Answer:
Check the explanation
Explanation:
a) This done can be executed through the use of brute force by the given algorithm: Consider any two indices i and j then we can check if string from s[i....j] is palindrome or not in O(L) where L is length of string.
Algorithm to check if string is palindrome :
Takes String s as argument and the two indices i,j between which the string is to be considered
bool palindromeCheck(s,i,j) :
y = j
for x in range(i,j) :
if(s[x]==s[y]) :
y--
continue
else :
return false
return true
Now taking a look at the part a) we will be calling the function to confirm and execute palindrome for all i<=j that is a total of points of the order of O(n^2) and the string checking will take O(n) in the worst case making it O(n^3).
b) To advance over we became aware of the fact that repeated calculation is being done i.e when we confirmed the string s[i...j] we also tested in between strings like s[i+1,j-1] etc in the same time.
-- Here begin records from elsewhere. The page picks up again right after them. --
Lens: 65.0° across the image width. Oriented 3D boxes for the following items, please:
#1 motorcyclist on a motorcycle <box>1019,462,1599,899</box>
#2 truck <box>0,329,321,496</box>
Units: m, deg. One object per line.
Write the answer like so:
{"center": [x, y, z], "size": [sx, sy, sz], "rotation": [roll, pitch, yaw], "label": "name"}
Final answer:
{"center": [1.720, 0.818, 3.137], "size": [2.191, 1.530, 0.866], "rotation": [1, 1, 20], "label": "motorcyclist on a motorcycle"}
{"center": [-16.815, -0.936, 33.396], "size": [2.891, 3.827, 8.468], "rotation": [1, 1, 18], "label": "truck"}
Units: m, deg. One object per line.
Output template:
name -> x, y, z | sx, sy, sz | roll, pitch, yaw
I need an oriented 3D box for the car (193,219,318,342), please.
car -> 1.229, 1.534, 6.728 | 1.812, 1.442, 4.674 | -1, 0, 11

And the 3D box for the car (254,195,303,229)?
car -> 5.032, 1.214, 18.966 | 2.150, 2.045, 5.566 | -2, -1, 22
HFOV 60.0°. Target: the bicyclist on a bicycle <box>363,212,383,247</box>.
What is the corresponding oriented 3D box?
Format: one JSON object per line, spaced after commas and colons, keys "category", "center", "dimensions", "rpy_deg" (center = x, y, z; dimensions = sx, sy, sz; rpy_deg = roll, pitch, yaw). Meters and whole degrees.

Consequently we used memorization to store the outcome that we calculate and reuse them we need them later.
We know that P[i][i] will always be one since a single character string will always be a palindrome.
Using this as our base case to check for P[i][j] we need to check if the ith and the jth character are equal and also if P[i+1][j-1] is true i.e is a palindrome.
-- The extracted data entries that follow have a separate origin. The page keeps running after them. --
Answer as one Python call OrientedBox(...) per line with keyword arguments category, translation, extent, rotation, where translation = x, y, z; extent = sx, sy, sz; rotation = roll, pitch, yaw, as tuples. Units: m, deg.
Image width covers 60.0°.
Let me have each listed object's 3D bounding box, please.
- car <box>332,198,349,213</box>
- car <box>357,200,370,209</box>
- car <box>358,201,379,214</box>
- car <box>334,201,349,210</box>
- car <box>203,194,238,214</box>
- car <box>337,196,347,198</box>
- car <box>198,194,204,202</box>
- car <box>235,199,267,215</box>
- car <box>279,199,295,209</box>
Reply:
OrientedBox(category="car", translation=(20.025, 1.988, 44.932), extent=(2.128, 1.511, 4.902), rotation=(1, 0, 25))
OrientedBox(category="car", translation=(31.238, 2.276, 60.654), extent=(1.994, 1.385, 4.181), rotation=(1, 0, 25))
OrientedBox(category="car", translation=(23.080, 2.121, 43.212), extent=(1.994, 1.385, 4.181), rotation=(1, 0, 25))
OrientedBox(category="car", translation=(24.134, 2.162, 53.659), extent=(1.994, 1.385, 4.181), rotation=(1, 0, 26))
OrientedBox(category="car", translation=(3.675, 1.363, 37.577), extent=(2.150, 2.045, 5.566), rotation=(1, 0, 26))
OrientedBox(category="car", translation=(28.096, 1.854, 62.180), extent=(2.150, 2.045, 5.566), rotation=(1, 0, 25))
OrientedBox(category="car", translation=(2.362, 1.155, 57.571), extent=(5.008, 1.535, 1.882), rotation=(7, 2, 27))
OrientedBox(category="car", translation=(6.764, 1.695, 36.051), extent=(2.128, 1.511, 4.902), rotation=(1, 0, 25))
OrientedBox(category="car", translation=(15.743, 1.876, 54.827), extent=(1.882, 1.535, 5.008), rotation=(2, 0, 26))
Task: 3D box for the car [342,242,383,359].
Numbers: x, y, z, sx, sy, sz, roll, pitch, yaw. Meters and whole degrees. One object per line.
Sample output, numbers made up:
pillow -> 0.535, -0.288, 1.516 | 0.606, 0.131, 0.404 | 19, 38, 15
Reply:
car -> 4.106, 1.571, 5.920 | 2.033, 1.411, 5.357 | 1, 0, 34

We come up with the following recurrence
P[i][j] = 1 if i=j
P[i][j] = P[i+1][j-1] ; if i>=j and s[i]==s[j]
0; otherwise
There are order of O(n^2) states and each one of the state necessitates only constant and regular time character checking for its evaluation and then assigning the value of 1, P[i+1][j-1],0 as a result of that which is again a constant time operation. Therefore all the P[][] matrix values can be found in O(n^2) time.
Pseudo code :
Let n be the length of the string
for x in range(1,n) :
P[x][x]=1
for sz in range(2,n) : # Since we have already computed answer for string of size 1
for x in range (1,n-sz+1):
y=x+sz - 1
if x == y :
if sz==2 :
P[x][y] = 1
else :
P[x][y] = P[x+1][y-1]
else :
P[x][y] = 0
From the implementation also it is clear that the running time of the algorithm is O(n^2).